As 2009 wound to a close and the heritage movement in Madras that is Chennai clocked yet another year to its tally, it is clear that the awareness is slowly seeping in and today, both Government and private parties are to an extent sensitised about the need for conservation and preservation. What is needed however, is knowledge as to how to go about it, failing which the awareness will not translate itself into anything beyond shedding a tear or two every time a piece of heritage vanishes.

But first, let us look at some of the positive developments. Victoria Public Hall is undergoing a thorough restoration, though the cloak of secrecy that surrounds it is still worrying. The library building on the Masonic Lodge premises in Egmore has been splendidly restored. Close on the heels of this came the opening of the restored P Orr & Sons showroom on Mount Road. Purists have pointed out that the building was never white but always capped in red, but nevertheless we have to be thankful for the way the renovation has been done. Elsewhere, on the DPI Campus in Nungambakkam, the Madras Literary Society building has been restored to its old glory and as this article goes to press, work is beginning on the heritage gateway that fronts the campus on College Road. It is to be hoped that work will also be undertaken on the more important gate which fronts to Cooum. The police station in Triplicane has escaped the hammer thanks to timely intervention from the highest quarter. Restoration of historic Ripon Building has been announced and it is understood that the work will be done in keeping with the heritage status of the structure.
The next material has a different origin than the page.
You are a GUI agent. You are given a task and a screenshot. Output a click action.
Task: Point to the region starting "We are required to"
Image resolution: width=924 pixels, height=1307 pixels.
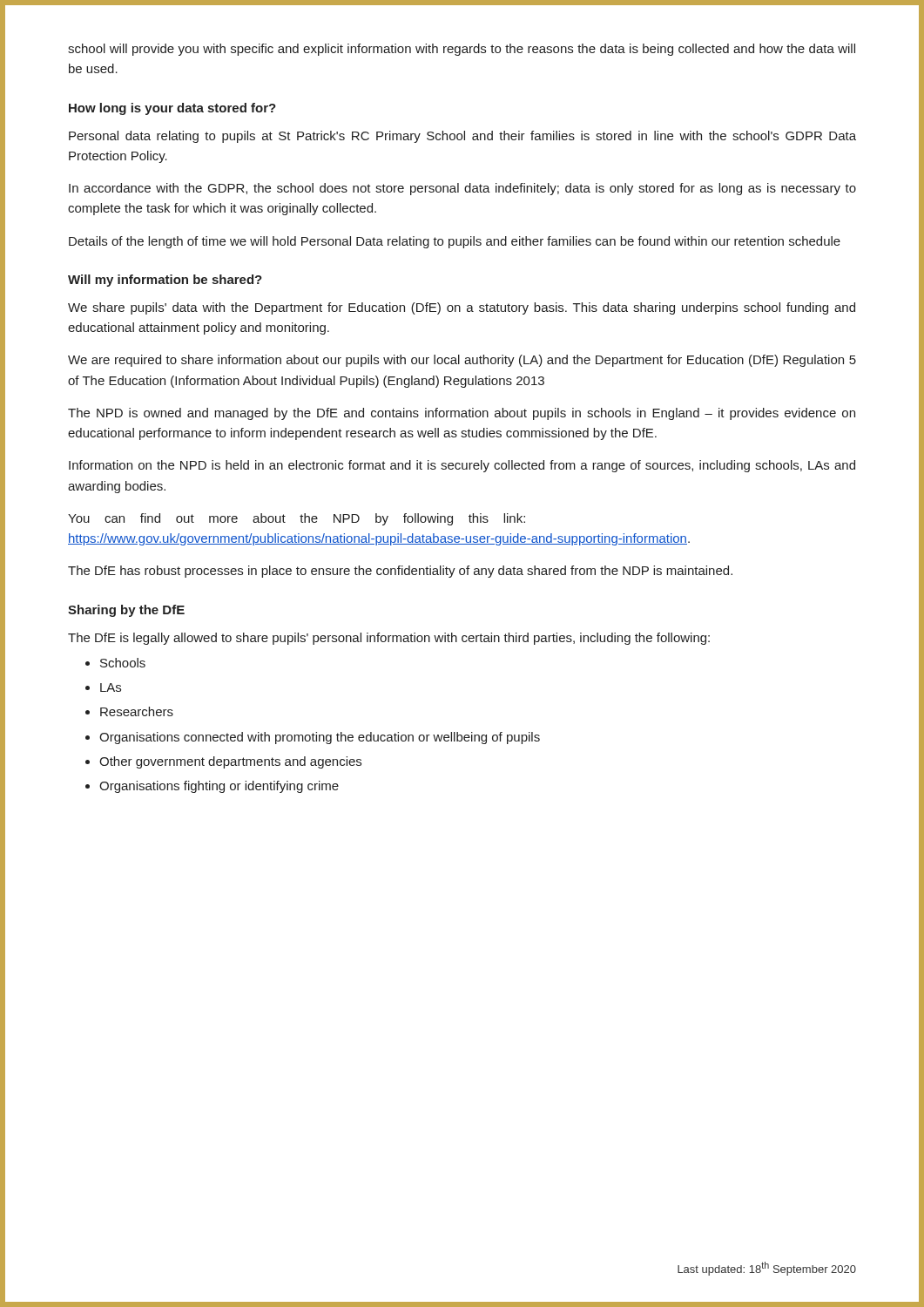click(462, 370)
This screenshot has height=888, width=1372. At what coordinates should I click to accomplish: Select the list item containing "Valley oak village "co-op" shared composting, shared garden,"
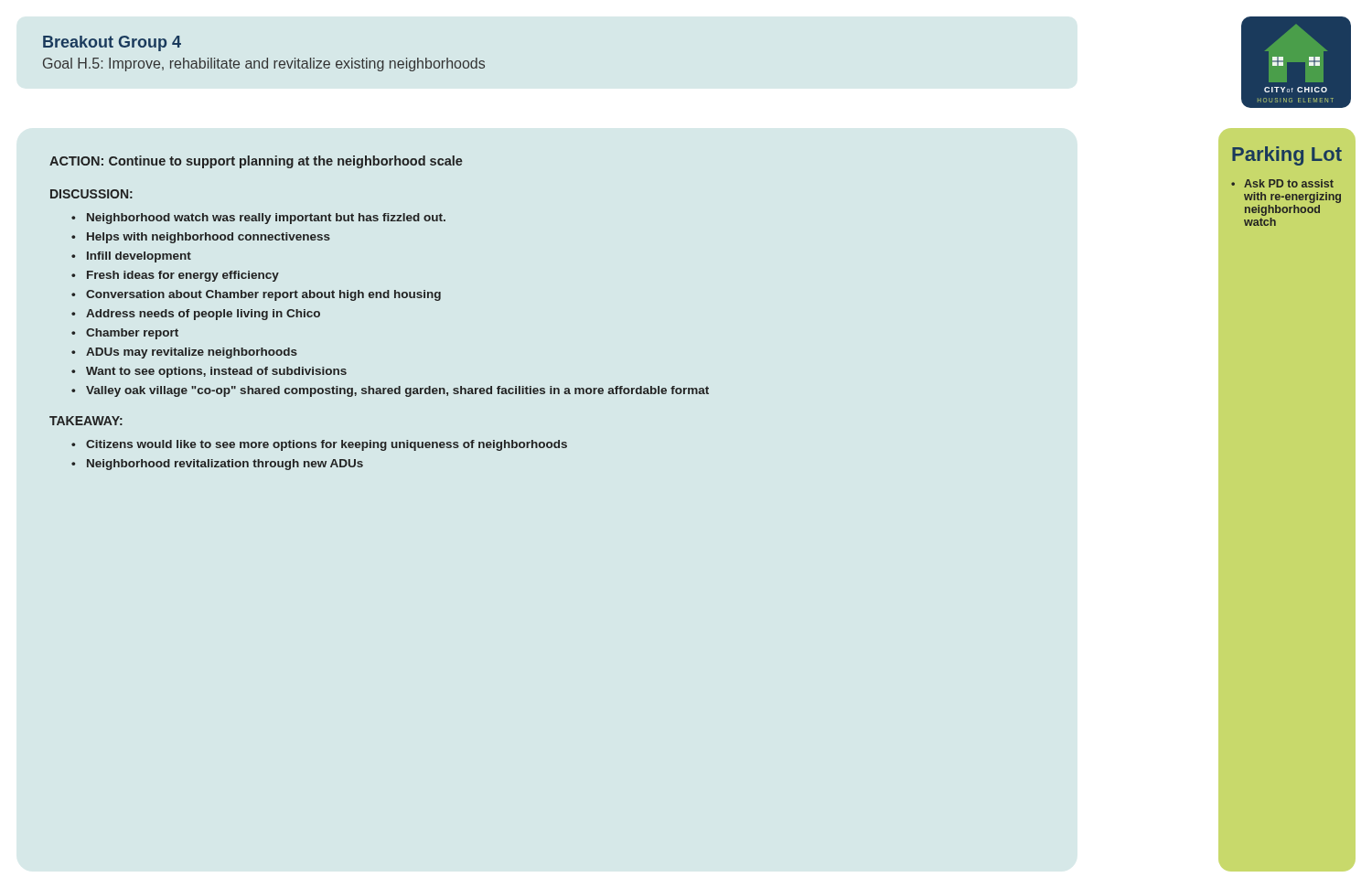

But despite all this cheer, what worries those with the interests of conservation at heart is the absence of any consistency when it comes to taking a decision on heritage structures. And even if a decision is taken, there is no clear-cut guideline as to how the process of restoration ought to be handled. Thus, while the restoration of Chepauk Palace began over three years ago very little can be seen beyond the liberal use of white paint on some walls. Similarly, it is not clear as to whether the Government is using the services of those qualified in preservation of heritage structures in its conservation activity at the Victoria Public Hall. The National Gallery (formerly the Victoria Memorial) was declared out-of-bounds some years ago on the grounds of structural weakness but nothing has been done so far to get the structure strengthened and restored. Ironically, the gateway to the latest Government sponsored exhibition at the Island Grounds is modeled on this building and the artisans who fashioned the entrance have even been given an award by the Government. While there has been considerable hype over the saving of the Triplicane police station, what is not being pointed out is that neighbouring buildings such as the Kalaivanar Arangam which served as the State Assembly for some time and Cooum House which was meant to be the official residence of the Chief Minister of the state, have been razed to the ground. Action was promised in restoring the High Court campus and a committee was formed to go into the modalities. But since then nothing has been heard of this and it is not clear if the committee has met even once. The Saidapet Teachers College campus has seen excellent restoration of buildings fronting the road, while those behind have been allowed to languish.

If this is the fate of Government buildings, those in private hands have fared even worse. The Bharat Insurance Building is now a cause-celebre with the matter pending in court. Similar is the case with Gokhale Hall on Armenian Street. In both cases, the owners began demolishing the structures and work was suspended only after the court intervened. Both buildings have survived for the past few years as roofless shells, completely exposed to the elements. Work began on the demolition of  the historic offices of Binny Limited, also on Armenian Street, last week. In the last two years, several cinema theatres, many with unique facades such as Roxy and Crown, have vanished. For every successful example of restoration, there are at least ten buildings that have been pulled down.

What we need is a well-defined policy and a framework which will be consistent towards all heritage structures. And for this we need a Heritage Act. Can we hope for it 2010?